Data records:

####################

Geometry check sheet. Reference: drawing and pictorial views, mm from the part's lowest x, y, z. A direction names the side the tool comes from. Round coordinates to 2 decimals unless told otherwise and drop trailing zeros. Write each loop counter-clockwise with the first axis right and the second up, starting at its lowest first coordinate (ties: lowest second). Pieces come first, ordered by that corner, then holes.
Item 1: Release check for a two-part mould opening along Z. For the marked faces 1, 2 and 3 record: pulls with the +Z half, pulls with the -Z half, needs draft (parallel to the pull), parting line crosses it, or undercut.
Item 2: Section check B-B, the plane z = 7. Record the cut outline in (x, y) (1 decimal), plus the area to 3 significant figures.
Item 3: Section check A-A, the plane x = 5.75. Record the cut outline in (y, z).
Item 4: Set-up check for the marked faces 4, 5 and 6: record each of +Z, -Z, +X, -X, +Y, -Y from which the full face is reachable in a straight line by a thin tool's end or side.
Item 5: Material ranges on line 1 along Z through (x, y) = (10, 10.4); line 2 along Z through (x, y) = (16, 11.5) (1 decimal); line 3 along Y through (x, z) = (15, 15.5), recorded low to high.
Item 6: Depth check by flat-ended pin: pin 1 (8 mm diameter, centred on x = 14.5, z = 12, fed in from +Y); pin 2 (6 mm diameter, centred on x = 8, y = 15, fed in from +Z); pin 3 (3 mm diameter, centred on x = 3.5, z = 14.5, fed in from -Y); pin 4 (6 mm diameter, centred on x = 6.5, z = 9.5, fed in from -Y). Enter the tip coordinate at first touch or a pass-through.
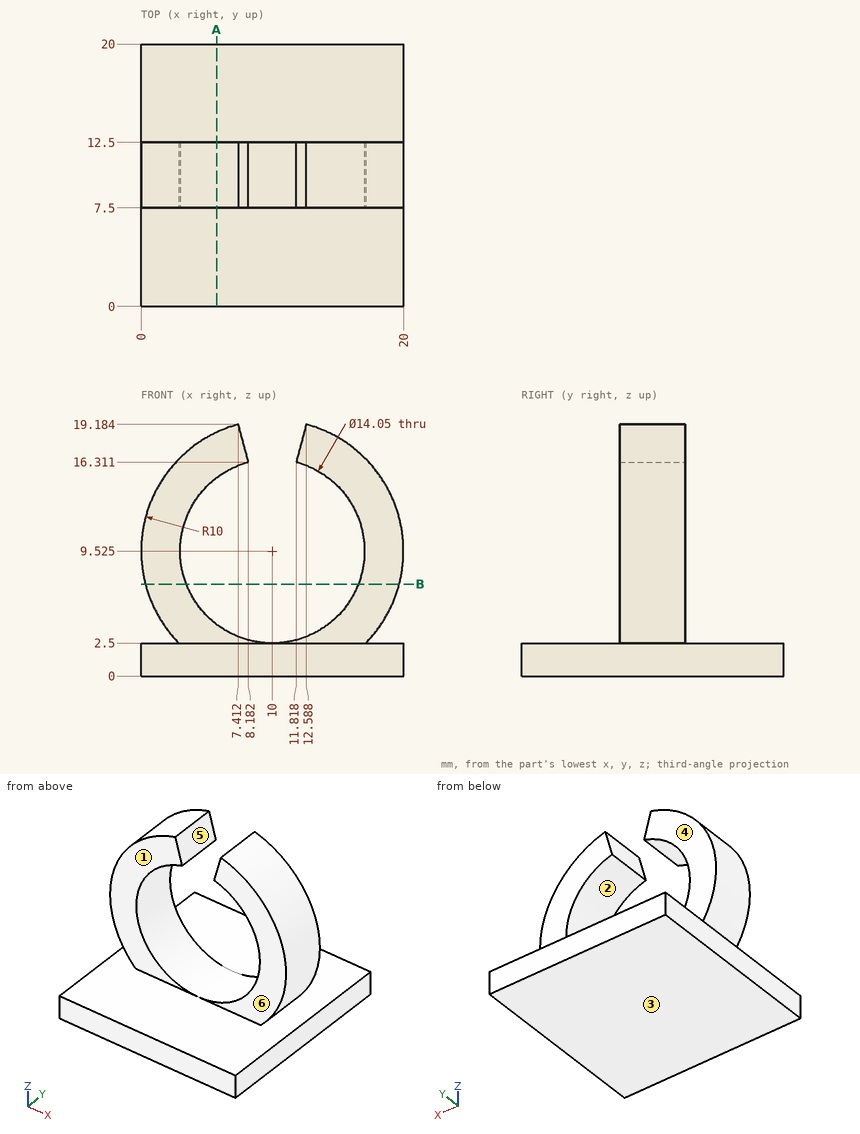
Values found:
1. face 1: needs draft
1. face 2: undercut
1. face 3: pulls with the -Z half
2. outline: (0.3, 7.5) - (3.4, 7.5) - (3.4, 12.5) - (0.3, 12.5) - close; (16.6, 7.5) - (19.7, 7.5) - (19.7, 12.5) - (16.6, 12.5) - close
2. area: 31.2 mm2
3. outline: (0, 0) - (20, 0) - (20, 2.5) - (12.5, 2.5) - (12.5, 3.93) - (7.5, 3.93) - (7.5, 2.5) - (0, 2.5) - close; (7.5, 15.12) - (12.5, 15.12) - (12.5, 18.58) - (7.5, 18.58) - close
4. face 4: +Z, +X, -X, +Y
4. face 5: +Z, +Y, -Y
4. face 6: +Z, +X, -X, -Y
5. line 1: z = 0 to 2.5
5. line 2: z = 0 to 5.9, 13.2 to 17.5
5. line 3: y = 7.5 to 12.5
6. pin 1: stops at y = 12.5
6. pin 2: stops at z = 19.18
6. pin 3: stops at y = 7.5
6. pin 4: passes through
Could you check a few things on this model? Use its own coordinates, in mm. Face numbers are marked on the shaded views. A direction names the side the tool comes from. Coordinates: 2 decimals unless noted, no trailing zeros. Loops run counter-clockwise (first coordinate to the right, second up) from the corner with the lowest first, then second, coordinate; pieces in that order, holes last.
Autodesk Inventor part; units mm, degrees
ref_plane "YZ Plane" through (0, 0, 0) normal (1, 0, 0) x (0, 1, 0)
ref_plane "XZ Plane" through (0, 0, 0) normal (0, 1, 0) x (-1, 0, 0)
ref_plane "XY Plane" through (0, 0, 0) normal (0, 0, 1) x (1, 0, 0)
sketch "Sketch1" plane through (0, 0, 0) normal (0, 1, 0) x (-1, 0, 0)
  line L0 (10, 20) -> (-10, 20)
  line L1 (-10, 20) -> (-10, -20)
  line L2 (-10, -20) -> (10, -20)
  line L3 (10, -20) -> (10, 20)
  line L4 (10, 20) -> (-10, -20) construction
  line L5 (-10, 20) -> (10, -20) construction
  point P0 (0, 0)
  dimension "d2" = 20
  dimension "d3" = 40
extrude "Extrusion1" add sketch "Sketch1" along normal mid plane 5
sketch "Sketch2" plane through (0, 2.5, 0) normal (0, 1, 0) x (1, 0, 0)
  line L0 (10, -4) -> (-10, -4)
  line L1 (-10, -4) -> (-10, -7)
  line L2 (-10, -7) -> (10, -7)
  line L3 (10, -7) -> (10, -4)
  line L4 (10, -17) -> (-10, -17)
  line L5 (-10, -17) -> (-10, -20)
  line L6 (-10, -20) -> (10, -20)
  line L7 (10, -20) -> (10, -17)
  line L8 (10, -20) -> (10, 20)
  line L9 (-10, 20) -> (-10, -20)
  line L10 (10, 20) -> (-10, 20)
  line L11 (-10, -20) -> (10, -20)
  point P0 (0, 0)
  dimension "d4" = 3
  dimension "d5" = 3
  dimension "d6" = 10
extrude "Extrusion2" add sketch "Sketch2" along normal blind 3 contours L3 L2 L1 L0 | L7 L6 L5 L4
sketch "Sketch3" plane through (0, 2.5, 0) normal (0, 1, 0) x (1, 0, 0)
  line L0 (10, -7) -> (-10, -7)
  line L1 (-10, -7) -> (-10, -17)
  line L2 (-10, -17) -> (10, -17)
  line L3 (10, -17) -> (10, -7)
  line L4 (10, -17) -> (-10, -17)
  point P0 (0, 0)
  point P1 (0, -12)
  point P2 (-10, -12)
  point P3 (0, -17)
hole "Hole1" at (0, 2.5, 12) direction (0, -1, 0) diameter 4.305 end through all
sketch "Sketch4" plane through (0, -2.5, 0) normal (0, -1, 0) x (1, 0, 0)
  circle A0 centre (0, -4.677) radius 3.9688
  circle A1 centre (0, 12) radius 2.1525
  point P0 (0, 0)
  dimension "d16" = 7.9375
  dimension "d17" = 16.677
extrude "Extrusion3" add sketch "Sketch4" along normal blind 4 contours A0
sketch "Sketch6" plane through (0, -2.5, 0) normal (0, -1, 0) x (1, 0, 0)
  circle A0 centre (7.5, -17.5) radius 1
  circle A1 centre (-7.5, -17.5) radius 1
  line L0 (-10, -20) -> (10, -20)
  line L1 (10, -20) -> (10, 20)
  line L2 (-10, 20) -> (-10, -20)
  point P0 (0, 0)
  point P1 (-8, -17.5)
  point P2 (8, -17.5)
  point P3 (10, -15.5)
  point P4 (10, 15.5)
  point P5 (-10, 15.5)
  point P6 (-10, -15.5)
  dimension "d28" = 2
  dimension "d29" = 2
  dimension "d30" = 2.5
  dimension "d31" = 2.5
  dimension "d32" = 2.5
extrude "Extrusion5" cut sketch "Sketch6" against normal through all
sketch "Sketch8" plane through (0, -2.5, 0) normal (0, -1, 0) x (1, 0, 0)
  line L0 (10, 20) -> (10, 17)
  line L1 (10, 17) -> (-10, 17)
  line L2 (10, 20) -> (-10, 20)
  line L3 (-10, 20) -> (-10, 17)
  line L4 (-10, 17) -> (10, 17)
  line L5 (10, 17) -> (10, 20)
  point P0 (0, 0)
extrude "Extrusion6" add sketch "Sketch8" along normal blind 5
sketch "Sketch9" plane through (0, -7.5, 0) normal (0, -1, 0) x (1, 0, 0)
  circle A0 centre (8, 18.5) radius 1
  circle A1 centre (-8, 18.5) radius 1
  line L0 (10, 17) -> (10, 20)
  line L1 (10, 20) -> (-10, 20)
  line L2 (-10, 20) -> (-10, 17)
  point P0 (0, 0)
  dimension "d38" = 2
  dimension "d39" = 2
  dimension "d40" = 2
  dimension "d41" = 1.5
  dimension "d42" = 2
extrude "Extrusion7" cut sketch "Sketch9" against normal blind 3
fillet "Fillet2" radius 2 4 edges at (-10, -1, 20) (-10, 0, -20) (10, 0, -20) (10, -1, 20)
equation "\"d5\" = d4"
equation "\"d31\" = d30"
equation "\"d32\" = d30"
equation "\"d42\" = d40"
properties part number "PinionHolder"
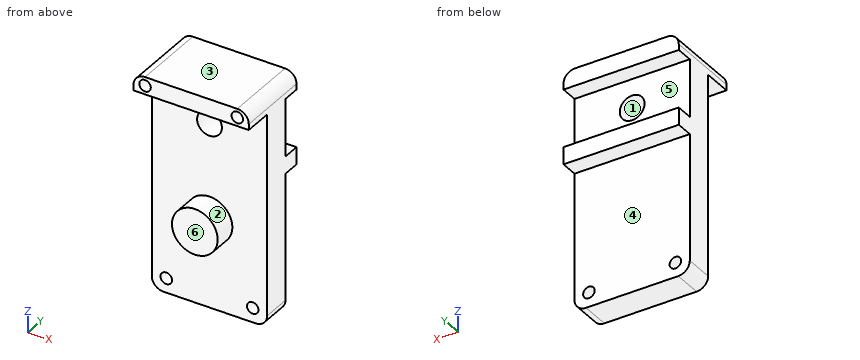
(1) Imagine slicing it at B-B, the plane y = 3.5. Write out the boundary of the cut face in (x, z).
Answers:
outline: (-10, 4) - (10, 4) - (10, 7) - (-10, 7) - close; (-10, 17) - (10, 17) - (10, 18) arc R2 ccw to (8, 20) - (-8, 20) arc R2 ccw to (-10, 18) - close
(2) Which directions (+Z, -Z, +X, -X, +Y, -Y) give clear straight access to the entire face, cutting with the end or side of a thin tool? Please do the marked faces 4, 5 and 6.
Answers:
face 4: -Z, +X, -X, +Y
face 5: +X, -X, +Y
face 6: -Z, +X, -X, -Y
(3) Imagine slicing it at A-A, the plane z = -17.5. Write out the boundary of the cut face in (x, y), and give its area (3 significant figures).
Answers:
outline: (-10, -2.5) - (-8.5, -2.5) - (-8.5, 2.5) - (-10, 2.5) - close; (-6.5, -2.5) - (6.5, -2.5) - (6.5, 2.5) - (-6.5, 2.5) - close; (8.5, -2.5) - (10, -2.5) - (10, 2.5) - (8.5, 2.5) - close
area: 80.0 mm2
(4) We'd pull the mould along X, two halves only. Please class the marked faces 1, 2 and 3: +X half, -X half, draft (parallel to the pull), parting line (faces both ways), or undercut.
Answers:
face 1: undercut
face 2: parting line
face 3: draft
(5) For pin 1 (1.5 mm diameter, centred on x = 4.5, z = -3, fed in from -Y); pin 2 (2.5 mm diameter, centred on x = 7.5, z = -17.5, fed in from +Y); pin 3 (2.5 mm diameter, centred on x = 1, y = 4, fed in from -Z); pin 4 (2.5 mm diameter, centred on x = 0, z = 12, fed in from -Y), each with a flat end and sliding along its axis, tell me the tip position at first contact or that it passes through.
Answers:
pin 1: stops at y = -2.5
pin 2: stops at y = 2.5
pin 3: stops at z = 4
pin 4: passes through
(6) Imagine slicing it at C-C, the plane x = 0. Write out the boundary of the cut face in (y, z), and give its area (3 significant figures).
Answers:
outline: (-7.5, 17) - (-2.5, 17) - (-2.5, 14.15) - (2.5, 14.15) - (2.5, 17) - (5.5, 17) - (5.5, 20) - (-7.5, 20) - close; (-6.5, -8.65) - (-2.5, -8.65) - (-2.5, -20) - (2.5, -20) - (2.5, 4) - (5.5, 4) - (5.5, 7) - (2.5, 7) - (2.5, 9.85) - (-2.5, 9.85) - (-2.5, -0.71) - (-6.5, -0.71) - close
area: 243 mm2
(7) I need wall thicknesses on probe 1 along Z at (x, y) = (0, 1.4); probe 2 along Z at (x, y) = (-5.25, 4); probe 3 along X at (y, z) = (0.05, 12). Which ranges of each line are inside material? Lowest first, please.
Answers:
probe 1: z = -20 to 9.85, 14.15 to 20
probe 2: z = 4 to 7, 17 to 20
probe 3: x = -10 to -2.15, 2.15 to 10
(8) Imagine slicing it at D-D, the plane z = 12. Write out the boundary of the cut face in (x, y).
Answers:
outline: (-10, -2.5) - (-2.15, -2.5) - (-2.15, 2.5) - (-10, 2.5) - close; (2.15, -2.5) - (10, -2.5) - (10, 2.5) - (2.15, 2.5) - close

####################

Exercise aim: With all pictures removed, reproduce the lines from the top of the entries above through the line containing "2. area: 31.2 mm2", exactly as written.

Output of the exercise:
Geometry check sheet. Reference: drawing and pictorial views, mm from the part's lowest x, y, z. A direction names the side the tool comes from. Round coordinates to 2 decimals unless told otherwise and drop trailing zeros. Write each loop counter-clockwise with the first axis right and the second up, starting at its lowest first coordinate (ties: lowest second). Pieces come first, ordered by that corner, then holes.
Item 1: Release check for a two-part mould opening along Z. For the marked faces 1, 2 and 3 record: pulls with the +Z half, pulls with the -Z half, needs draft (parallel to the pull), parting line crosses it, or undercut.
Item 2: Section check B-B, the plane z = 7. Record the cut outline in (x, y) (1 decimal), plus the area to 3 significant figures.
Item 3: Section check A-A, the plane x = 5.75. Record the cut outline in (y, z).
Item 4: Set-up check for the marked faces 4, 5 and 6: record each of +Z, -Z, +X, -X, +Y, -Y from which the full face is reachable in a straight line by a thin tool's end or side.
Item 5: Material ranges on line 1 along Z through (x, y) = (10, 10.4); line 2 along Z through (x, y) = (16, 11.5) (1 decimal); line 3 along Y through (x, z) = (15, 15.5), recorded low to high.
Item 6: Depth check by flat-ended pin: pin 1 (8 mm diameter, centred on x = 14.5, z = 12, fed in from +Y); pin 2 (6 mm diameter, centred on x = 8, y = 15, fed in from +Z); pin 3 (3 mm diameter, centred on x = 3.5, z = 14.5, fed in from -Y); pin 4 (6 mm diameter, centred on x = 6.5, z = 9.5, fed in from -Y). Enter the tip coordinate at first touch or a pass-through.
Values found:
1. face 1: needs draft
1. face 2: undercut
1. face 3: pulls with the -Z half
2. outline: (0.3, 7.5) - (3.4, 7.5) - (3.4, 12.5) - (0.3, 12.5) - close; (16.6, 7.5) - (19.7, 7.5) - (19.7, 12.5) - (16.6, 12.5) - close
2. area: 31.2 mm2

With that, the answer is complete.